- _GOAL OF THE EXERCISE_: Exact duplicates of the lines from the top of the data through the line containing "6) tree [720,68,1014,565]" are needed, with every picture left out.
******************************
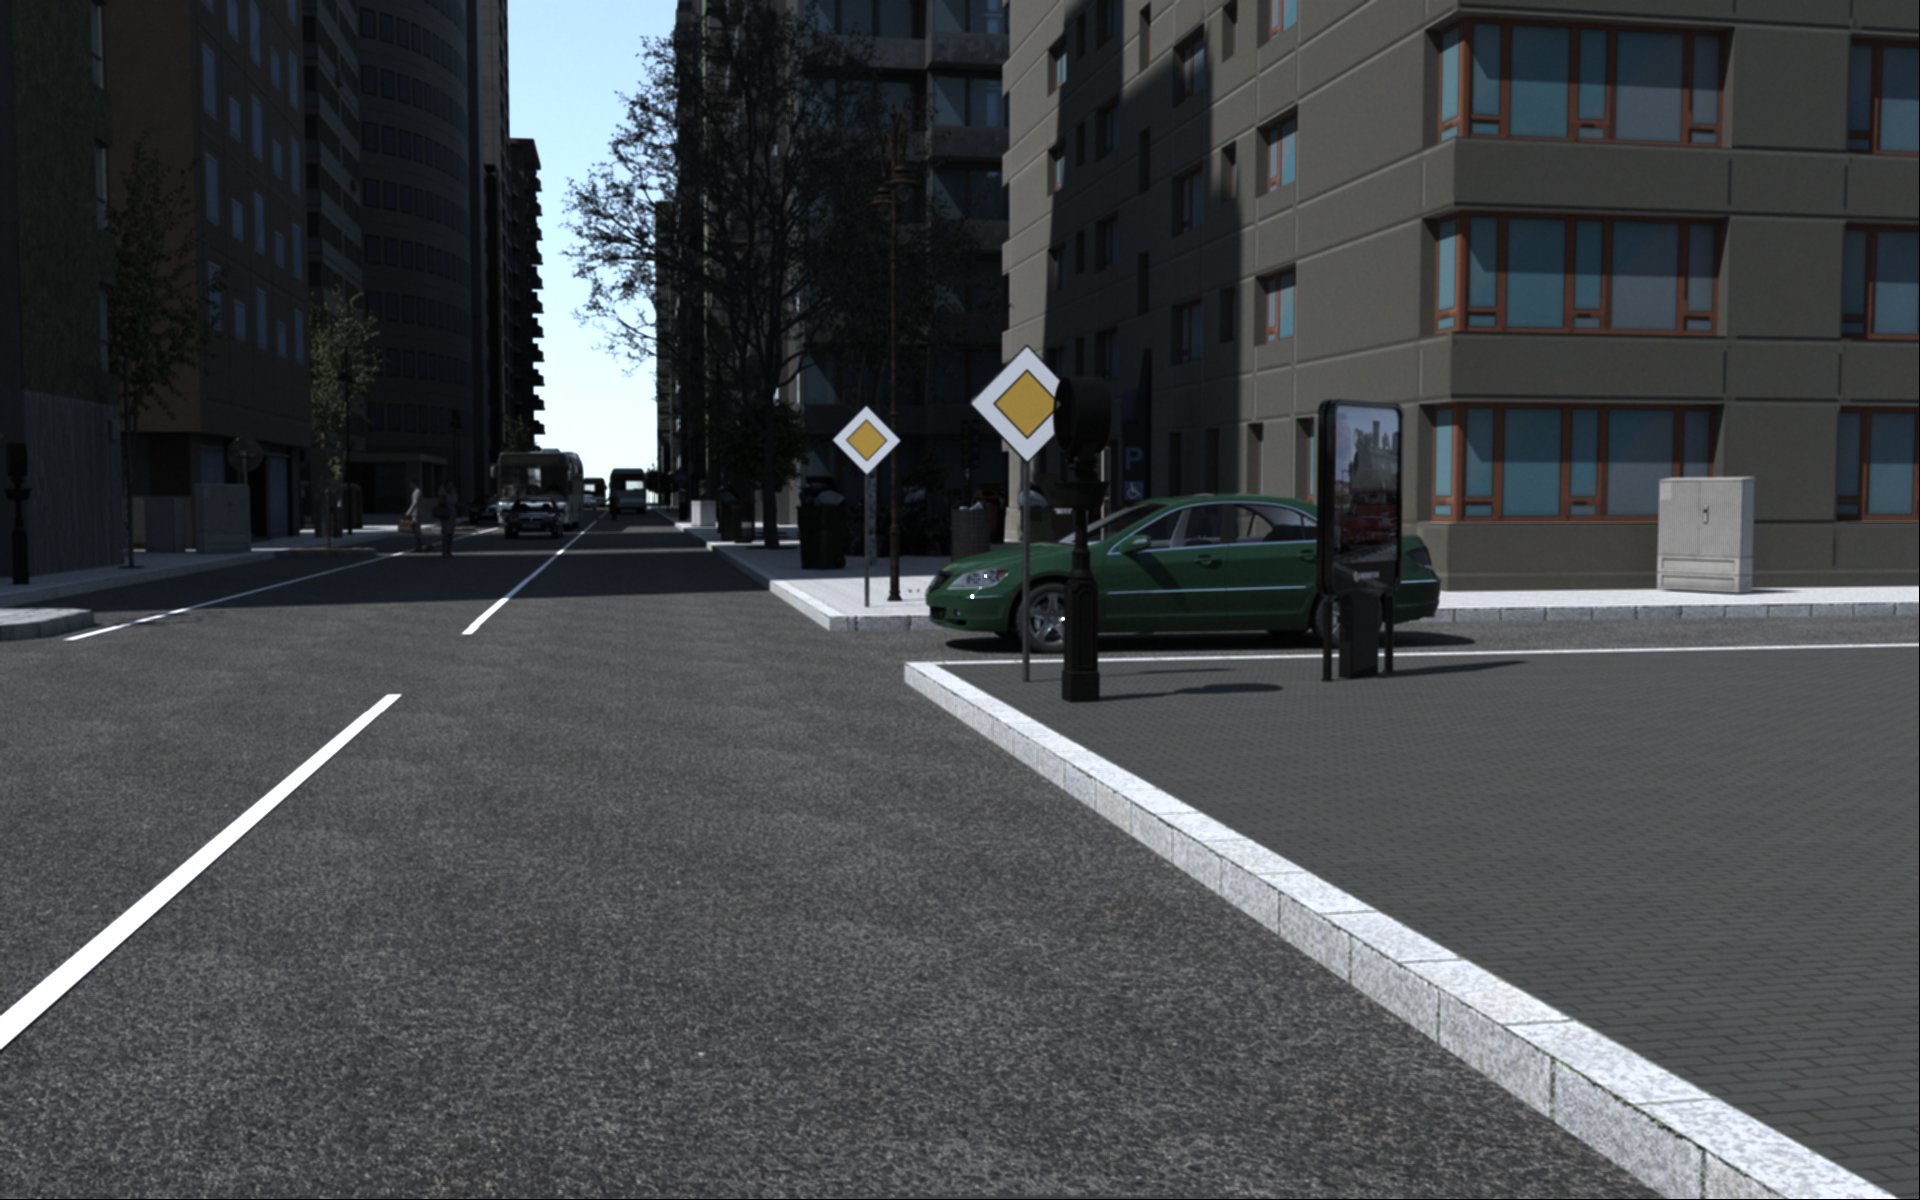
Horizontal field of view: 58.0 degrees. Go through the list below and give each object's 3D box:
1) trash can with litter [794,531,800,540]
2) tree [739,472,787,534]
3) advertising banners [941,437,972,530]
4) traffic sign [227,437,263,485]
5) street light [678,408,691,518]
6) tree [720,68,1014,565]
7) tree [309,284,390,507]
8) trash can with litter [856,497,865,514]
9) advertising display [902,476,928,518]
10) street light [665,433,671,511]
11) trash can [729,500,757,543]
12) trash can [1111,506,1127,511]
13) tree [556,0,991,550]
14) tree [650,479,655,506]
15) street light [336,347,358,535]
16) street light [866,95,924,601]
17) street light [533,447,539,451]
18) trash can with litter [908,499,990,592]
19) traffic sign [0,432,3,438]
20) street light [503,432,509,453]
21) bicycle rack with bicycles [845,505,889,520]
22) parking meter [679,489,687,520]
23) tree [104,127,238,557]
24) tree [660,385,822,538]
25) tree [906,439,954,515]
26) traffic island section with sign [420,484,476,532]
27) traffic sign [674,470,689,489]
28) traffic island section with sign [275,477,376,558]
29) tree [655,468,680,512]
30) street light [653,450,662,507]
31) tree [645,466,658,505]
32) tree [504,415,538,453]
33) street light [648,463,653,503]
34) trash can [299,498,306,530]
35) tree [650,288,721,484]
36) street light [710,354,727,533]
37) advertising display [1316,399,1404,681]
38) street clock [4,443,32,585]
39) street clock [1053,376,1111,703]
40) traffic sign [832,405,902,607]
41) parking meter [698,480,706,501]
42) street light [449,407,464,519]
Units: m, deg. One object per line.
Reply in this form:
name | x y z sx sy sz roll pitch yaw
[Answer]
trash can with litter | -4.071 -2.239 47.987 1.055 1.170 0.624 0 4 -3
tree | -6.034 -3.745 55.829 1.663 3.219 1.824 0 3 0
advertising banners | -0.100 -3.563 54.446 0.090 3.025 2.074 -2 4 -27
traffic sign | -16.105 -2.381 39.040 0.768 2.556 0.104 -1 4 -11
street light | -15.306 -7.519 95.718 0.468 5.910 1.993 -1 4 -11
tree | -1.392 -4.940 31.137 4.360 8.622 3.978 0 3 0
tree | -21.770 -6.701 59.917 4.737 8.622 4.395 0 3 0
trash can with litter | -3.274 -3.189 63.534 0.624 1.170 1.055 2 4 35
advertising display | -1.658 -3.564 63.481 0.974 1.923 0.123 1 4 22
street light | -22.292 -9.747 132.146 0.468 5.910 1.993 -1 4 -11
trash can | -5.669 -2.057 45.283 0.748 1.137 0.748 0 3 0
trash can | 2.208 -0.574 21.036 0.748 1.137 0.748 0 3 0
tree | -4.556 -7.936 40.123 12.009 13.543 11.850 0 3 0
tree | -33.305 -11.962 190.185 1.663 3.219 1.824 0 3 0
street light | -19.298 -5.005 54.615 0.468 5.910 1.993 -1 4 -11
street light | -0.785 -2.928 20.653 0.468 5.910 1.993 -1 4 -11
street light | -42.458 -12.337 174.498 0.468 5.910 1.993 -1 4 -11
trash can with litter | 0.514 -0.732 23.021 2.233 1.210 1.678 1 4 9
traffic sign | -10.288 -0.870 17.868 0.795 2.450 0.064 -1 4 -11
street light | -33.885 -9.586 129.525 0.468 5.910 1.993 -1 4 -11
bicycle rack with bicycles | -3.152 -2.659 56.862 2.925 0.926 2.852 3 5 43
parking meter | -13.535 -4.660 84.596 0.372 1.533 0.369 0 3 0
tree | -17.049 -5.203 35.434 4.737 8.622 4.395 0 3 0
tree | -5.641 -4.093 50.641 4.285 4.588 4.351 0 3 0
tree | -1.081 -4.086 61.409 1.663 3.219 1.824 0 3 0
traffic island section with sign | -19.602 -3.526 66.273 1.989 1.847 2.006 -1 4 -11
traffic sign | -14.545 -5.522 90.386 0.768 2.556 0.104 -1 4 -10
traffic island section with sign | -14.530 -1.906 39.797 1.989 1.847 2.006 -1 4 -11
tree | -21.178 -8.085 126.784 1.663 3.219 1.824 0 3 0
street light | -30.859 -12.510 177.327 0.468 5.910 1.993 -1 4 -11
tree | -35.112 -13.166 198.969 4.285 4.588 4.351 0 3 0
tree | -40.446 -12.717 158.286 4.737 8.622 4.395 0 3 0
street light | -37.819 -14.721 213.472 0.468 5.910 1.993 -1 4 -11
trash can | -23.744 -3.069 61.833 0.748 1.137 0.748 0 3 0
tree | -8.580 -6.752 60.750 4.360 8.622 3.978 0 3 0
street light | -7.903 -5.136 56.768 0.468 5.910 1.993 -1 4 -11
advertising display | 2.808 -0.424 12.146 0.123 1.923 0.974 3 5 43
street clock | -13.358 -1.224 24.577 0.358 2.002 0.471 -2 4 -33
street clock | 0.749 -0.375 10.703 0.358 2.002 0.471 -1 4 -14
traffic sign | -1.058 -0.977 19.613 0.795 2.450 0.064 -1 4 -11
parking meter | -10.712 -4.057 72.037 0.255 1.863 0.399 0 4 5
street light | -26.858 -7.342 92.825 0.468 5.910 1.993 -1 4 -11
******************************
- _THE ANSWER_:
Horizontal field of view: 58.0 degrees. Go through the list below and give each object's 3D box:
1) trash can with litter [794,531,800,540]
2) tree [739,472,787,534]
3) advertising banners [941,437,972,530]
4) traffic sign [227,437,263,485]
5) street light [678,408,691,518]
6) tree [720,68,1014,565]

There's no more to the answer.